▶ Task to carry out: Extract only the first line of the listing and every line after it up to and including the one with "#query), items may". Omit the pictures.

─── Records provided ───

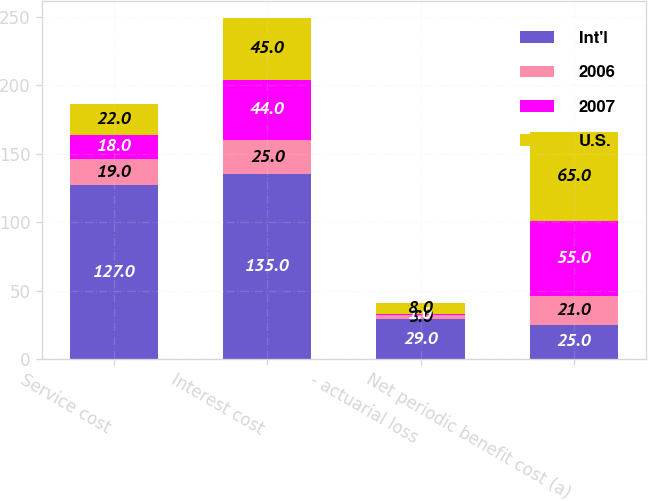<chart> <loc_0><loc_0><loc_500><loc_500><stacked_bar_chart><ecel><fcel>Service cost<fcel>Interest cost<fcel>- actuarial loss<fcel>Net periodic benefit cost (a)<nl><fcel>Int'l<fcel>127<fcel>135<fcel>29<fcel>25<nl><fcel>2006<fcel>19<fcel>25<fcel>3<fcel>21<nl><fcel>2007<fcel>18<fcel>44<fcel>1<fcel>55<nl><fcel>U.S.<fcel>22<fcel>45<fcel>8<fcel>65<nl></chart> 
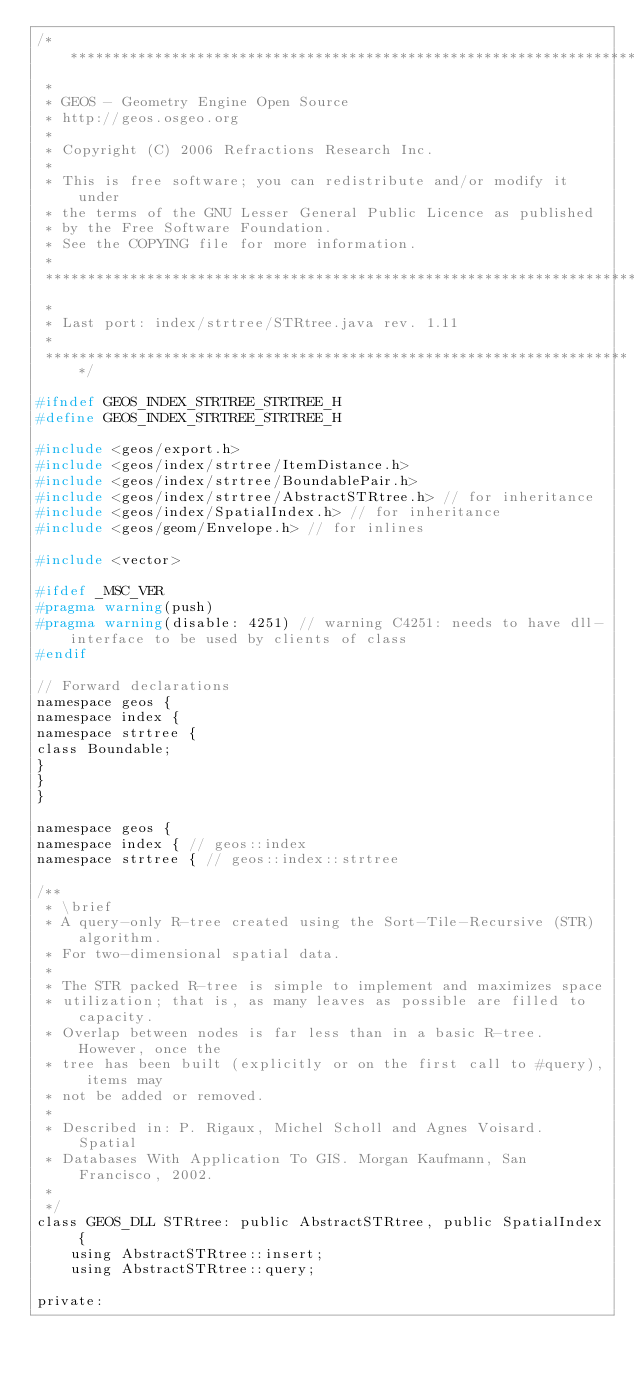Convert code to text. <code><loc_0><loc_0><loc_500><loc_500><_C_>/**********************************************************************
 *
 * GEOS - Geometry Engine Open Source
 * http://geos.osgeo.org
 *
 * Copyright (C) 2006 Refractions Research Inc.
 *
 * This is free software; you can redistribute and/or modify it under
 * the terms of the GNU Lesser General Public Licence as published
 * by the Free Software Foundation.
 * See the COPYING file for more information.
 *
 **********************************************************************
 *
 * Last port: index/strtree/STRtree.java rev. 1.11
 *
 **********************************************************************/

#ifndef GEOS_INDEX_STRTREE_STRTREE_H
#define GEOS_INDEX_STRTREE_STRTREE_H

#include <geos/export.h>
#include <geos/index/strtree/ItemDistance.h>
#include <geos/index/strtree/BoundablePair.h>
#include <geos/index/strtree/AbstractSTRtree.h> // for inheritance
#include <geos/index/SpatialIndex.h> // for inheritance
#include <geos/geom/Envelope.h> // for inlines

#include <vector>

#ifdef _MSC_VER
#pragma warning(push)
#pragma warning(disable: 4251) // warning C4251: needs to have dll-interface to be used by clients of class
#endif

// Forward declarations
namespace geos {
namespace index {
namespace strtree {
class Boundable;
}
}
}

namespace geos {
namespace index { // geos::index
namespace strtree { // geos::index::strtree

/**
 * \brief
 * A query-only R-tree created using the Sort-Tile-Recursive (STR) algorithm.
 * For two-dimensional spatial data.
 *
 * The STR packed R-tree is simple to implement and maximizes space
 * utilization; that is, as many leaves as possible are filled to capacity.
 * Overlap between nodes is far less than in a basic R-tree. However, once the
 * tree has been built (explicitly or on the first call to #query), items may
 * not be added or removed.
 *
 * Described in: P. Rigaux, Michel Scholl and Agnes Voisard. Spatial
 * Databases With Application To GIS. Morgan Kaufmann, San Francisco, 2002.
 *
 */
class GEOS_DLL STRtree: public AbstractSTRtree, public SpatialIndex {
    using AbstractSTRtree::insert;
    using AbstractSTRtree::query;

private:</code>

───

▶ Answer to the problem:
<chart> <loc_0><loc_0><loc_500><loc_500><stacked_bar_chart><ecel><fcel>Service cost<fcel>Interest cost<fcel>- actuarial loss<fcel>Net periodic benefit cost (a)<nl><fcel>Int'l<fcel>127<fcel>135<fcel>29<fcel>25<nl><fcel>2006<fcel>19<fcel>25<fcel>3<fcel>21<nl><fcel>2007<fcel>18<fcel>44<fcel>1<fcel>55<nl><fcel>U.S.<fcel>22<fcel>45<fcel>8<fcel>65<nl></chart> 
Convert code to text. <code><loc_0><loc_0><loc_500><loc_500><_C_>/**********************************************************************
 *
 * GEOS - Geometry Engine Open Source
 * http://geos.osgeo.org
 *
 * Copyright (C) 2006 Refractions Research Inc.
 *
 * This is free software; you can redistribute and/or modify it under
 * the terms of the GNU Lesser General Public Licence as published
 * by the Free Software Foundation.
 * See the COPYING file for more information.
 *
 **********************************************************************
 *
 * Last port: index/strtree/STRtree.java rev. 1.11
 *
 **********************************************************************/

#ifndef GEOS_INDEX_STRTREE_STRTREE_H
#define GEOS_INDEX_STRTREE_STRTREE_H

#include <geos/export.h>
#include <geos/index/strtree/ItemDistance.h>
#include <geos/index/strtree/BoundablePair.h>
#include <geos/index/strtree/AbstractSTRtree.h> // for inheritance
#include <geos/index/SpatialIndex.h> // for inheritance
#include <geos/geom/Envelope.h> // for inlines

#include <vector>

#ifdef _MSC_VER
#pragma warning(push)
#pragma warning(disable: 4251) // warning C4251: needs to have dll-interface to be used by clients of class
#endif

// Forward declarations
namespace geos {
namespace index {
namespace strtree {
class Boundable;
}
}
}

namespace geos {
namespace index { // geos::index
namespace strtree { // geos::index::strtree

/**
 * \brief
 * A query-only R-tree created using the Sort-Tile-Recursive (STR) algorithm.
 * For two-dimensional spatial data.
 *
 * The STR packed R-tree is simple to implement and maximizes space
 * utilization; that is, as many leaves as possible are filled to capacity.
 * Overlap between nodes is far less than in a basic R-tree. However, once the
 * tree has been built (explicitly or on the first call to #query), items may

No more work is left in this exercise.